The images are from MS Bing's Image Creator with free tokens. I really like these generated images. Notice how I avoid using "complementarity", since I argue that the model can't understand high-level concepts. Nonetheless, by specifying the properties of what I want, I'm able to generate images close to what I desire.

I’m actually using one of the images as my website icon.

There is a plethora of images I’m skipping since I generated too many with different prompts across platforms. And I may generate once in a while if I’m interested in checkpointing whether they have improved.

One of them which I also really liked is from DeepAI. I like the overall heart-shape, the colors used, and the presence of fractals:

I really don’t think AI can replace artists. In general, I support the idea that “AI won’t replace [insert job profession]”, but rather “those who use AI will replace those who don’t”. I’m confident that anytime soon, AI models won’t be able to grasp high-level concepts since they lack their machine language which I believe is a tool to develop their own cognition for understanding the world.

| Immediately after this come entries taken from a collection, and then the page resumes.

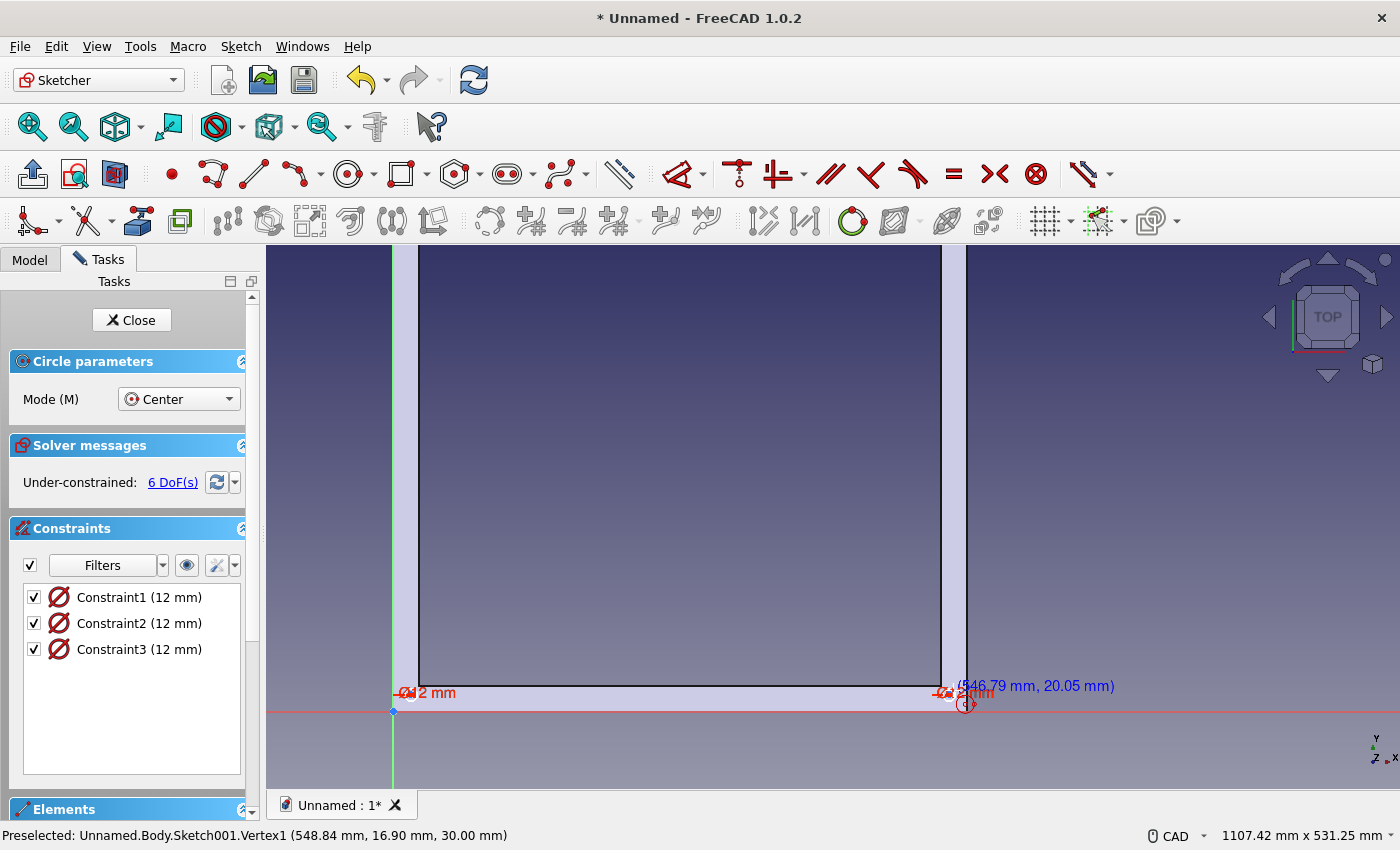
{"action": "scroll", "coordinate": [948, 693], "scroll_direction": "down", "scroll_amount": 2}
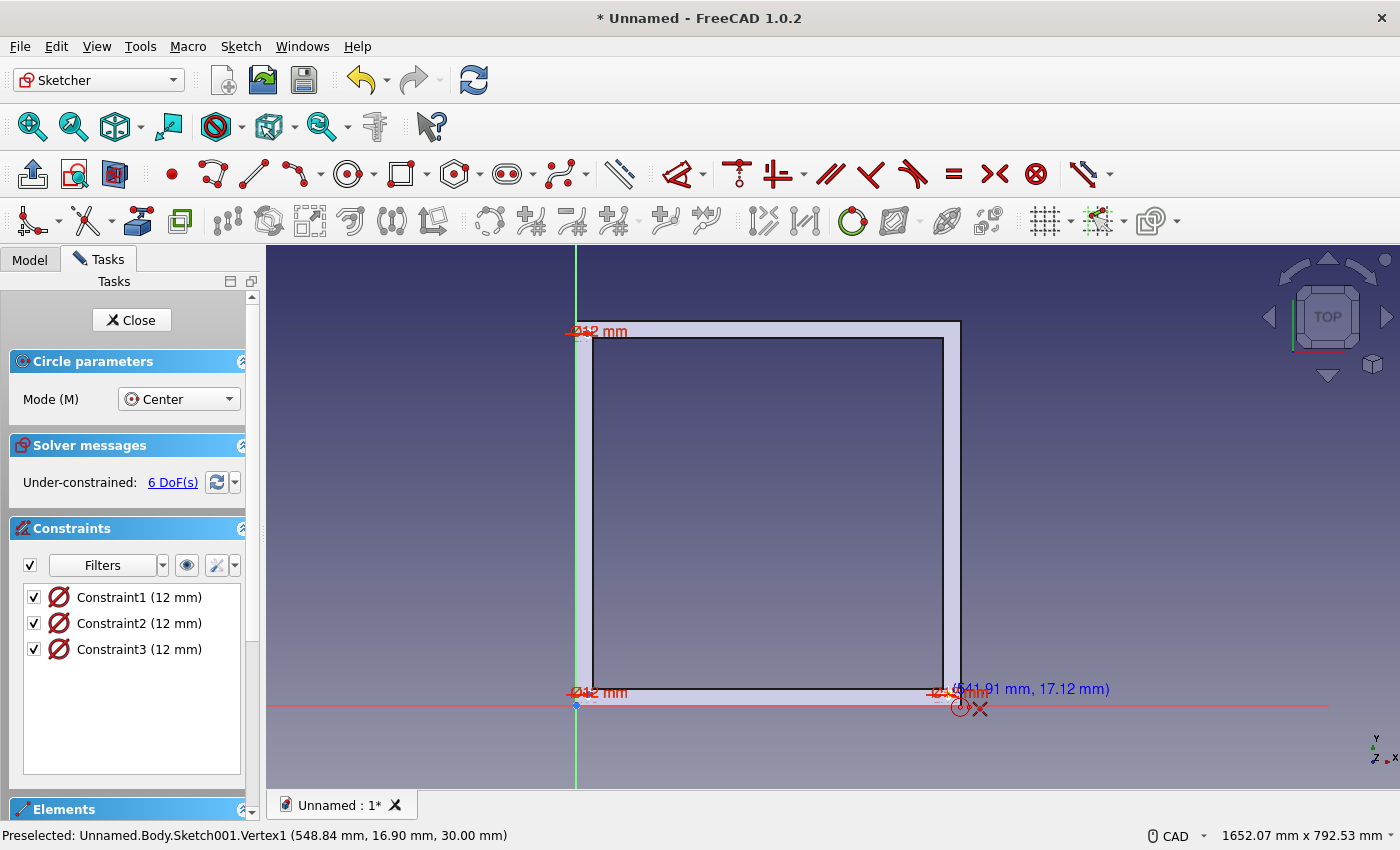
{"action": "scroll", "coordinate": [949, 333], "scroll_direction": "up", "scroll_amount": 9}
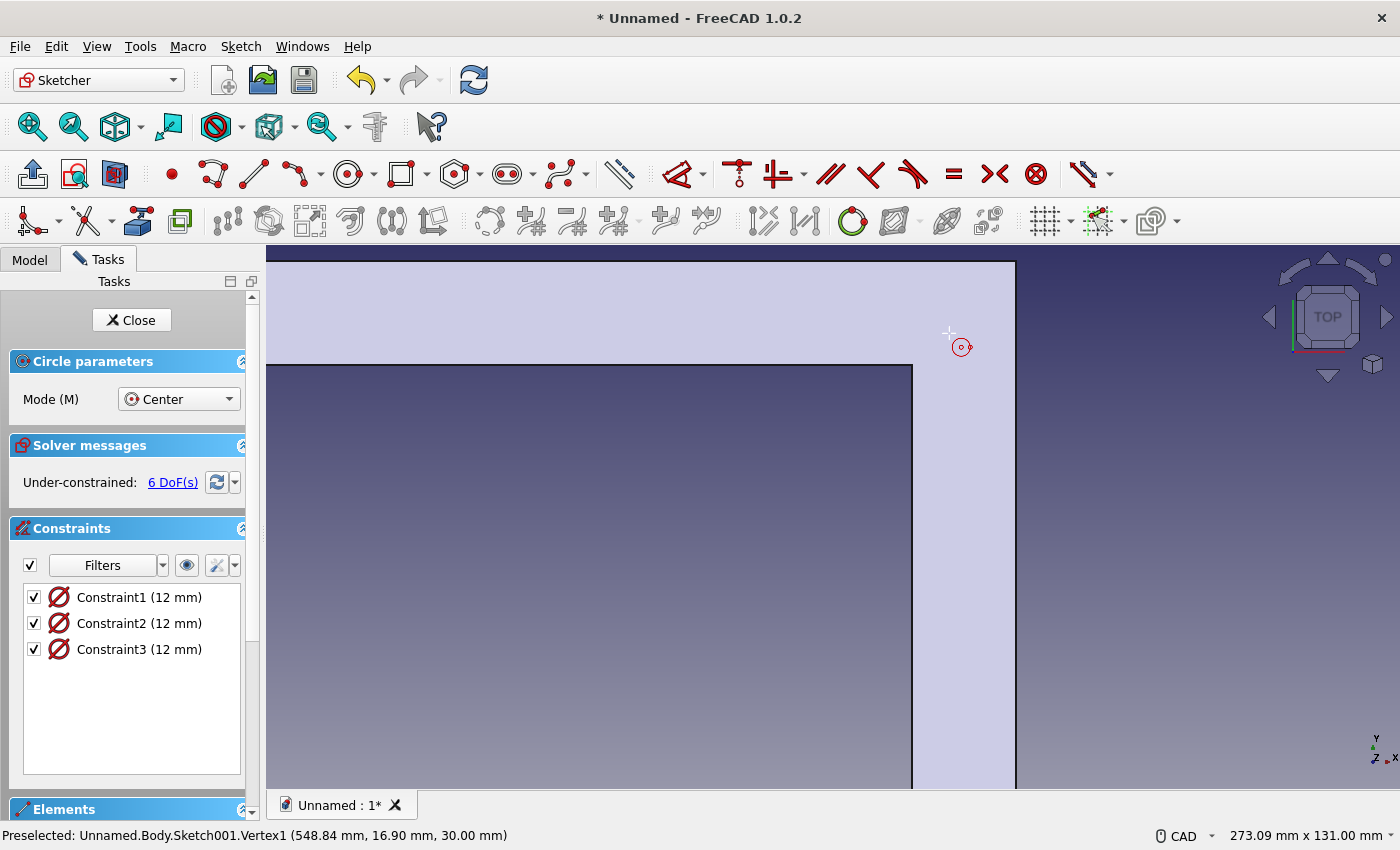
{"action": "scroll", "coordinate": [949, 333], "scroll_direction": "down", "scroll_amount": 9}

Even if they acquire machine language, they still need to evolve to grasp extremely complicated and intricate concepts like “complementarity”.

  1. My own hypothesis for such behaviour is because the model lacks its own machine language for which it can understand the world. There are objective reasons for why an avocado and a chair are the way they are, either due to biology or human affordance. However, such objective reasons are not present in the presentation of concepts like numerosity or with letters.